Assumptions in data labeling:
-
419 emails are labeled as spam
-
enron emails are labeled as not spam
-
All JPL data abuse dataset emails are treated as foe - exceptions are FalsePositive and Recon which were dropped (former due to self-explanatory reason, and latter due to "lack of full understanding" reasons). Unknown was dropped as well.
Built on top of the New Knowledge character-level convolutional neural network text classification system - SIMON:
https://github.com/NewKnowledge/simon
You can swap out the multiclass multilabel model (enabled by default) for the binary model by modifying config.ini
as specified in deployed_checkpoints/checkpoint_descriptions.txt
Be sure to rebuild docker images, if using dockerized version of code, after making this edit.
The gRPC interface consists of the following components:
*) grapevine.proto
in protos/
which generates grapevine_pb2.py
and grapevine_pb2_grpc.py
according to instructions in protos/README.md
-- these have to be generated every time grapevine.proto
is changed
*) spam_clf_server.py
which is the main gRPC server, serving on port 50052
(configurable via config.ini
)
*) spam_clf_client.py
which is an example script demonstrating how the main gRPC server can be accessed to classify emails
To build corresponding docker image:
sudo docker build -t nk-email-classifier:latest .

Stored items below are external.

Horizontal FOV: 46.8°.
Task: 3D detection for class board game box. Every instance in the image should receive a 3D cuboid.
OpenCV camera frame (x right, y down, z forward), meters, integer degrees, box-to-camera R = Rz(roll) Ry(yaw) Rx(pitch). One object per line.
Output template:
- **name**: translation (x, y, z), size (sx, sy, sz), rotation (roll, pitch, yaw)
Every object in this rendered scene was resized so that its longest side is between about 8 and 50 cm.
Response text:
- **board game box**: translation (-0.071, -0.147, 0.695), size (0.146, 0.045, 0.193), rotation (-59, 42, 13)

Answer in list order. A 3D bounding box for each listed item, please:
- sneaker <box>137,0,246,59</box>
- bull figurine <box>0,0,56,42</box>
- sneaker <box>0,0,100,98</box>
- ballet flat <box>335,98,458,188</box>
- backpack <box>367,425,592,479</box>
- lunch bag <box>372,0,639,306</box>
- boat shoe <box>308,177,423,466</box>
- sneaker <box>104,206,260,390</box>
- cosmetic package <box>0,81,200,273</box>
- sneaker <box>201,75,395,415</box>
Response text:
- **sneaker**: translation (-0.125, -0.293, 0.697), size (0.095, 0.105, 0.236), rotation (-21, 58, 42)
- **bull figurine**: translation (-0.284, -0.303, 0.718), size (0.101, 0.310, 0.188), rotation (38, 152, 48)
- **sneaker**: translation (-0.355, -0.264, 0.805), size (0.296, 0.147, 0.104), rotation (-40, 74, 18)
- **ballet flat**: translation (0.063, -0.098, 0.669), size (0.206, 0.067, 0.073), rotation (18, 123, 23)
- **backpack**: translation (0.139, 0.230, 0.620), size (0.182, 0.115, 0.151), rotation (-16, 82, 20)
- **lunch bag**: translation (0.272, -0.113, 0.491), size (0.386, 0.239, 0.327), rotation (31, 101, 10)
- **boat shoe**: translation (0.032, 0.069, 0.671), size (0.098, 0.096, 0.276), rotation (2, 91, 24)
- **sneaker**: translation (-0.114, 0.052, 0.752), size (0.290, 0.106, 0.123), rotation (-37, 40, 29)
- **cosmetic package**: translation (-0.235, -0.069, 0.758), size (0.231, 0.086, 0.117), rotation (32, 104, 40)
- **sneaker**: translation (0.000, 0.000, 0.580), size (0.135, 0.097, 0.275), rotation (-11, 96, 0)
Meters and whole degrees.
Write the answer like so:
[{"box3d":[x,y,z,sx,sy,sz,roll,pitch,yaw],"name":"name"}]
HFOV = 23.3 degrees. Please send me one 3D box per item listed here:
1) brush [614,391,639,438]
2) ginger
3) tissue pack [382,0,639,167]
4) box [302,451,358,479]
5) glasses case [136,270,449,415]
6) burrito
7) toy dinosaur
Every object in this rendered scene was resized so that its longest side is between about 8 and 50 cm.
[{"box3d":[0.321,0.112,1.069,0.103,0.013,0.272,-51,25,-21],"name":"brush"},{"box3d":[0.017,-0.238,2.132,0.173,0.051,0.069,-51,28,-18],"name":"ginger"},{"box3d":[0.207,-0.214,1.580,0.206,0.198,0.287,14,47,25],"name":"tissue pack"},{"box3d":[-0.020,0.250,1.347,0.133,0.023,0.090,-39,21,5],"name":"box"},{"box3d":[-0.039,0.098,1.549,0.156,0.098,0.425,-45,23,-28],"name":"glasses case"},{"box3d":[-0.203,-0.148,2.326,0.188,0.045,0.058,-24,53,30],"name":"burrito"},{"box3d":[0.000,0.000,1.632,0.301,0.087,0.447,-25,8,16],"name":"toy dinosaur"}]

To run docker image, simply do
sudo docker run -it -p 50052:50052 nk-email-classifier:latest
Finally, edit spam_clf_client.py
with example email of interest for classification, and then run that script as
python3 spam_clf_client.py
Comment out gRPC server command at the bottom of Dockerfile
(which is set as default serving protocol), and uncomment the REST server command.
To build docker image:
sudo docker build -t nk-email-classifier:latest .
To run docker image, simply do
sudo docker run -it -p 5000:5000 nk-email-classifier:latest
Finally, edit clientRestScriptExample.py
to fetch jsonl email of interest, and then run that script as
python3 clientRestScriptExample.py
Batch classification capabilities will be added next, for both serving protocols.